For breakfast, we returned to the lovely vegetarian cafe we'd discovered the previous day in Da Lat. Little did we know but it was to be the last decent meal for several days.

We arrived in Mui Ne (strictly speaking, Mui Ne Beach, I think -- Mui Ne Village is a little along the coast) and immediately I wondered where the centre was; on the way in we just passed resort after resort, but no "real" town. Luckily our hotel / resort was close to where the bus stopped, so we were able to get there without giving in to the constant harassment from "xe om" drivers; and we had booked in advance because we'd heard it books up at the weekend, so we could completely ignore the hotel touts as well. The hotel room was OK, but smaller than we had become accustomed to; we had finally discovered that in Vietnam (and China it seemed as well), ALL hotel beds are double beds, so we only really need to ask for a single room. The beach however was a massive disappointment: we'd been looking forward to the beach here for the whole trip so far. Both guide books described the place as a nice quiet place for enjoying the beach. But there is no beach! Not unless you are booked into an expensive resort. Our more modest resort has only a few feet of beach (tide is out in the photo). Two resorts up from ours has none at all: the waves lap up against a concrete wave-break where the hotel ends. Most resorts, including ours, seem to have private beaches, which are really just sandpits with loungers in them.

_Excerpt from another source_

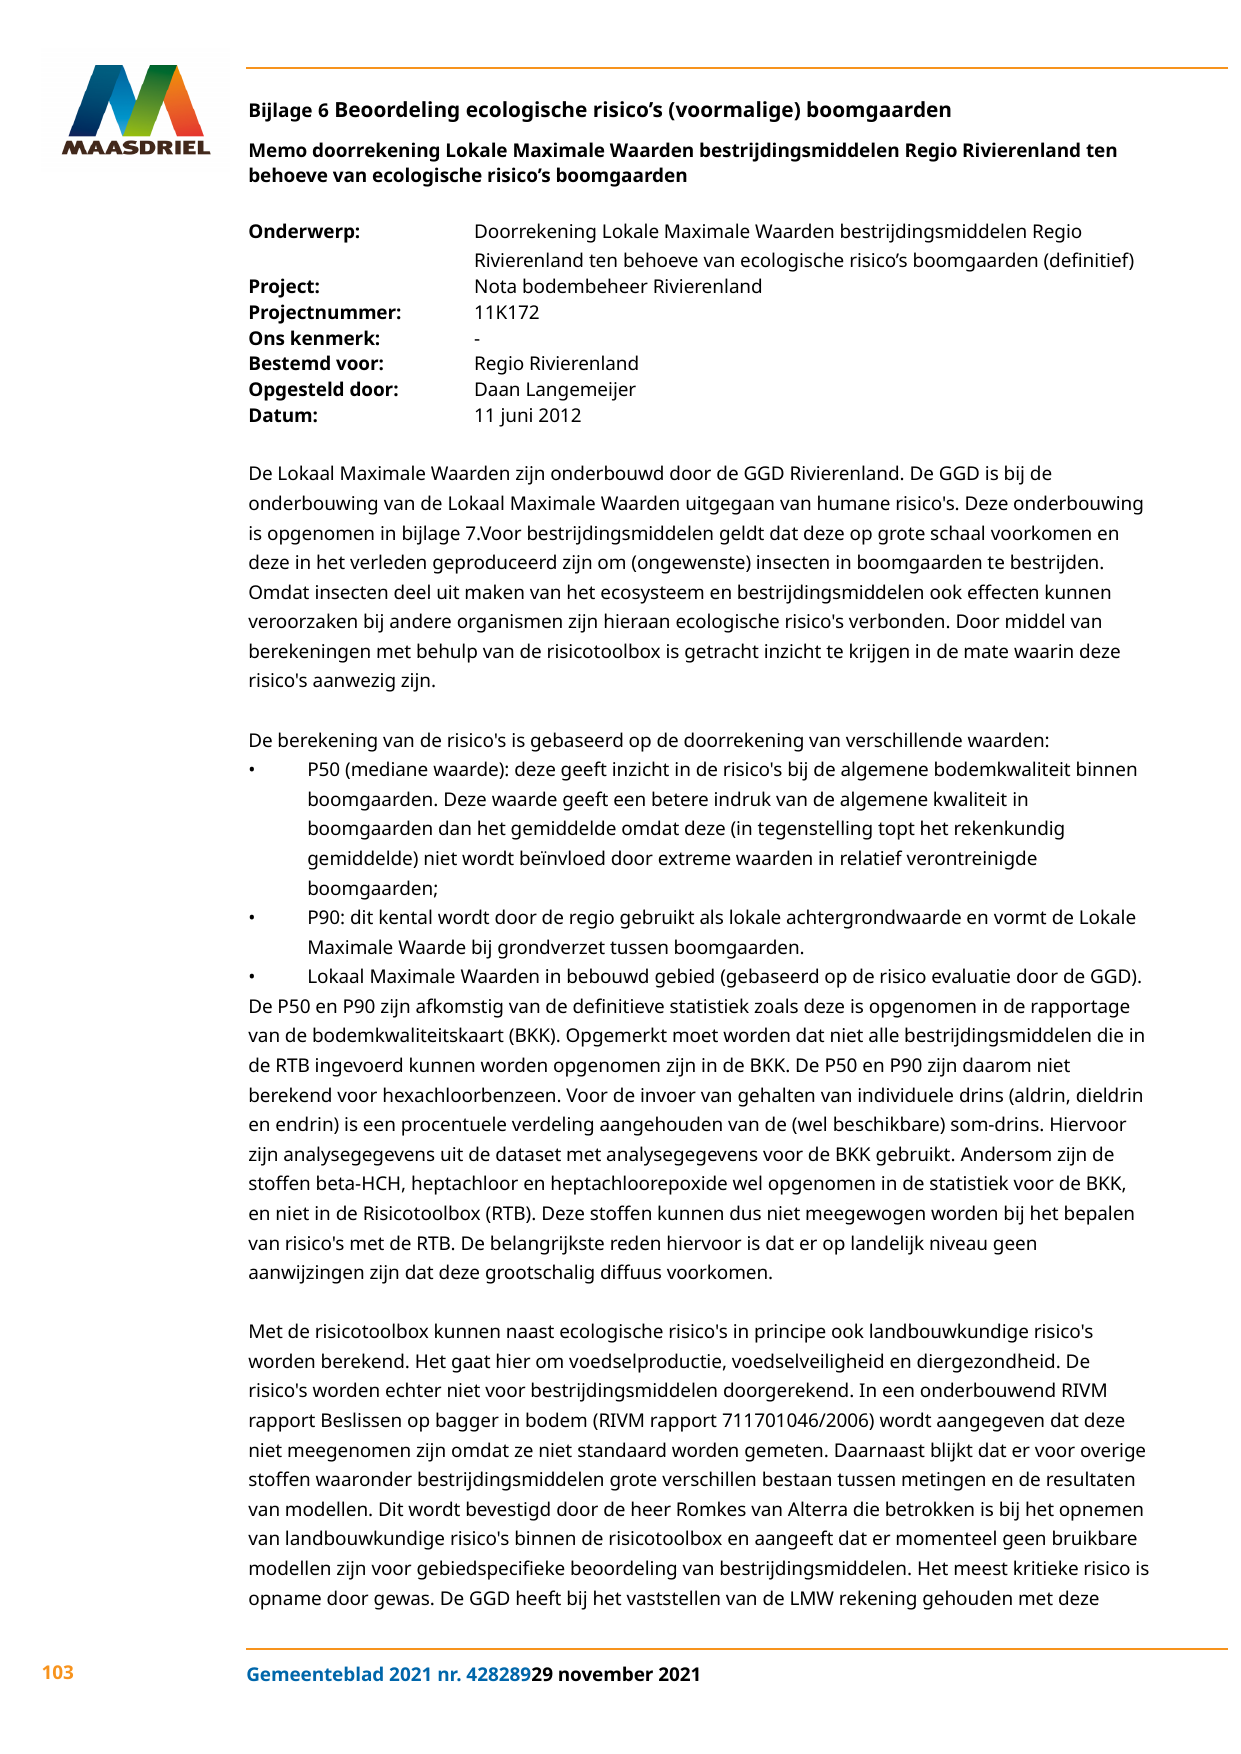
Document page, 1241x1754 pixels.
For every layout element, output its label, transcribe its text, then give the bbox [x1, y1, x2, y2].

After the disappointment of the lack of beach, we had a wee wander outside. There really doesn't seem to be any centre or town or anything apart from a strip of resorts and very empty bars, cafes, and restaurants. We soon discovered that the prices of everything are between two and three times what we'd been paying elsewhere in Vietnam. This meant that we felt we couldn't afford a moped, which would have been the obvious way to try and find something worth seeing nearby. We were planning to pay for a trip to see the nearby sand dunes anyway, so reasoned we really wouldn't need much transport. We had come here to sunbathe primarily, so we'd just sit on our private beach and make the most of it.

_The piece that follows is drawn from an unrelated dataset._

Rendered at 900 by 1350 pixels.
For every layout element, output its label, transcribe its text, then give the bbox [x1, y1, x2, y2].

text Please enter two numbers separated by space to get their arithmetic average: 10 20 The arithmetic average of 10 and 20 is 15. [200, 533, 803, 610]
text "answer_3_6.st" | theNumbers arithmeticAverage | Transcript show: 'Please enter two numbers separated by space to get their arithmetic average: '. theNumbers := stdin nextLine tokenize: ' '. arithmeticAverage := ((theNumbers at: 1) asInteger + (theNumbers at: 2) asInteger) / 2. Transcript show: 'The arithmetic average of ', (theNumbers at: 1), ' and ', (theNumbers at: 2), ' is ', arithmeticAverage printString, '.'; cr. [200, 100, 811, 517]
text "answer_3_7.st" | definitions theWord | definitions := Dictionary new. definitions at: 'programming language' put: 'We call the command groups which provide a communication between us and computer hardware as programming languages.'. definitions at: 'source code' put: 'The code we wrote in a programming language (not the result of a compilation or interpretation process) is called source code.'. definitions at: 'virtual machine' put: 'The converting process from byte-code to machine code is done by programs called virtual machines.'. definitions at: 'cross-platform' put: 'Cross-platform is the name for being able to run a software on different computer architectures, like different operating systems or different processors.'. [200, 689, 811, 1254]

Heading back to the hotel I asked an older gentleman on a bicycle how much he paid for it; yet again the going rate was about three times what we'd paid before, but it was more affordable than a moped. In kind he asked us how much we were paying for our accommodation, and when he liked what he heard he asked if he could follow us back. On the way back, we discovered he was originally from Hawaii and had moved to Asia when he retired; he'd been living in Saigon, where his girlfriend was, but he felt he needed to get away from the pollution. While Joanne was in a shop, buying water or something, I made conversation: did he retire to Asia to make his money go further? Yes, he said, partly, but mostly because young women find him more attractive here than in the US. Apparently he was pushing seventy and his girlfriend is twenty-one (I have a life-time supply of Viagra, he confided). Later I told Joanne about this and she simply said "men are dirty dogs".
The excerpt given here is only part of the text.